As Red Hat's product portfolio of various products expands, we are offering more delivery options and methods to give customers more flexibility in how they use and consume Red Hat products.
Red Hat Enterprise Linux CoreOS (RHCOS) underpins Red Hat OpenShift, the industry’s leading hybrid cloud application platform powered by Kubernetes. RHCOS demonstrates the flexibility that Red Hat delivers to customers by providing a comprehensive, dedicated and container-optimized base operating system.

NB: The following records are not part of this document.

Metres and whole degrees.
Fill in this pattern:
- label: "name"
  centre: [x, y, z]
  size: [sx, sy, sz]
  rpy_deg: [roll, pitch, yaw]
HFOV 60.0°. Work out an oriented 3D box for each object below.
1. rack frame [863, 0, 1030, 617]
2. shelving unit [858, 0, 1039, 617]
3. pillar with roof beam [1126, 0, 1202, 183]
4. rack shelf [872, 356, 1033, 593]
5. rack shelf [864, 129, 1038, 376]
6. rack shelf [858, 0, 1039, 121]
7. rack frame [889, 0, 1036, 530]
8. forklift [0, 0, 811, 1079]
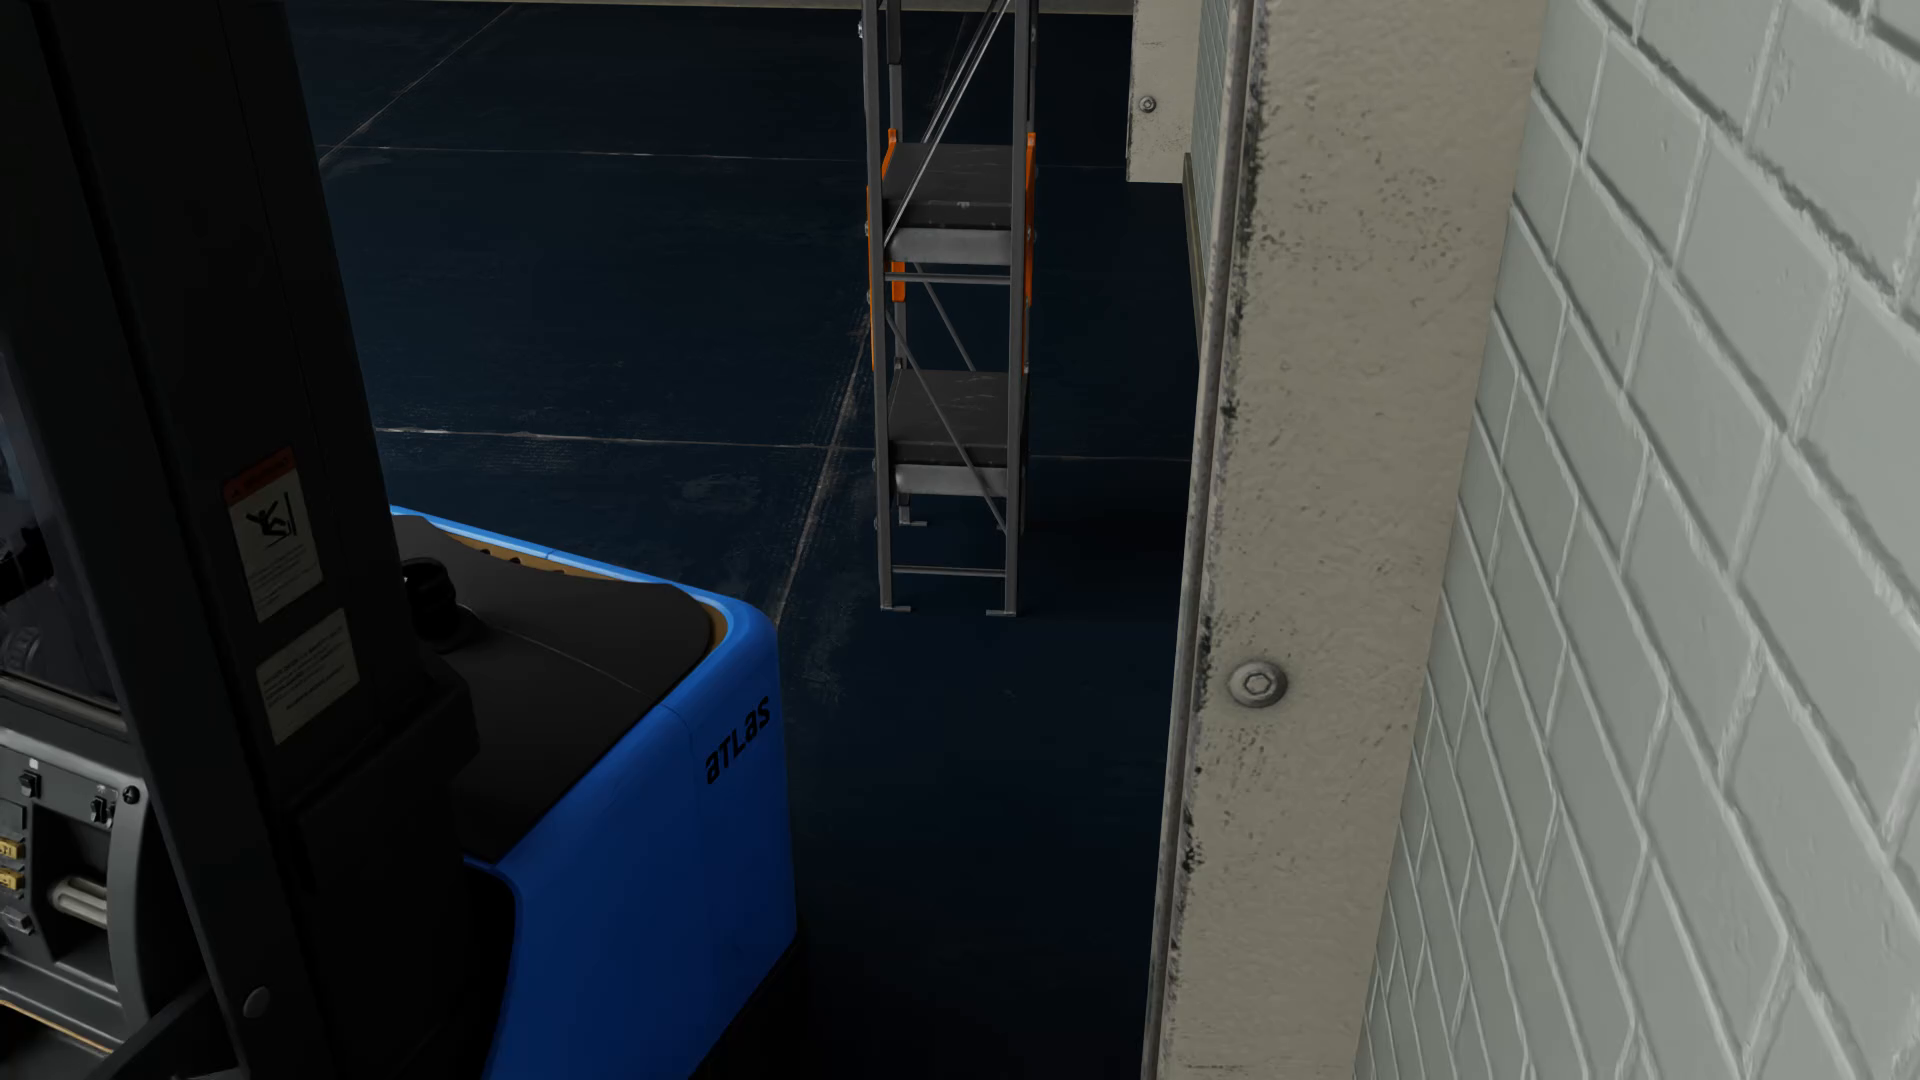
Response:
- label: "rack frame"
  centre: [-0.033, -0.680, 4.352]
  size: [0.400, 2.100, 0.015]
  rpy_deg: [2, 32, 4]
- label: "shelving unit"
  centre: [-0.013, -0.807, 4.559]
  size: [0.431, 2.100, 0.503]
  rpy_deg: [2, 32, 4]
- label: "pillar with roof beam"
  centre: [-3.314, -5.853, 6.170]
  size: [9.100, 9.000, 0.400]
  rpy_deg: [2, 32, 4]
- label: "rack shelf"
  centre: [-0.013, -0.200, 4.933]
  size: [0.431, 0.518, 0.480]
  rpy_deg: [2, 32, 4]
- label: "rack shelf"
  centre: [-0.013, -0.796, 4.566]
  size: [0.431, 0.518, 0.480]
  rpy_deg: [2, 32, 4]
- label: "rack shelf"
  centre: [-0.013, -1.392, 4.199]
  size: [0.431, 0.518, 0.480]
  rpy_deg: [2, 32, 4]
- label: "rack frame"
  centre: [0.006, -0.935, 4.766]
  size: [0.400, 2.100, 0.015]
  rpy_deg: [2, 32, 4]
- label: "forklift"
  centre: [-1.396, 0.382, 1.837]
  size: [1.130, 2.935, 3.031]
  rpy_deg: [14, 34, 21]

As part of our Secure Software Development Lifecycle (Secure SDLC) practices, Red Hat provides granular and accessible security metadata, improving security risk identification across the Red Hat portfolio. This article covers some of the recent improvements in the security data for RHCOS.
What is RHCOS?
RHCOS is a dedicated, container-optimized operating system only available and supported as part of OpenShift. RHCOS is the only supported operating system for the OpenShift control plane or master machines. Traditional Red Hat Enterprise Linux (RHEL) can be used on the OpenShift compute nodes, also known as worker machines, but then users lose access to the RHCOS features for these nodes, including things like controlled immutability, rpm-ostree upgrades, updates through the Machine Config Operator and many more.
A full list of RHCOS features can be found in the RHCOS documentation.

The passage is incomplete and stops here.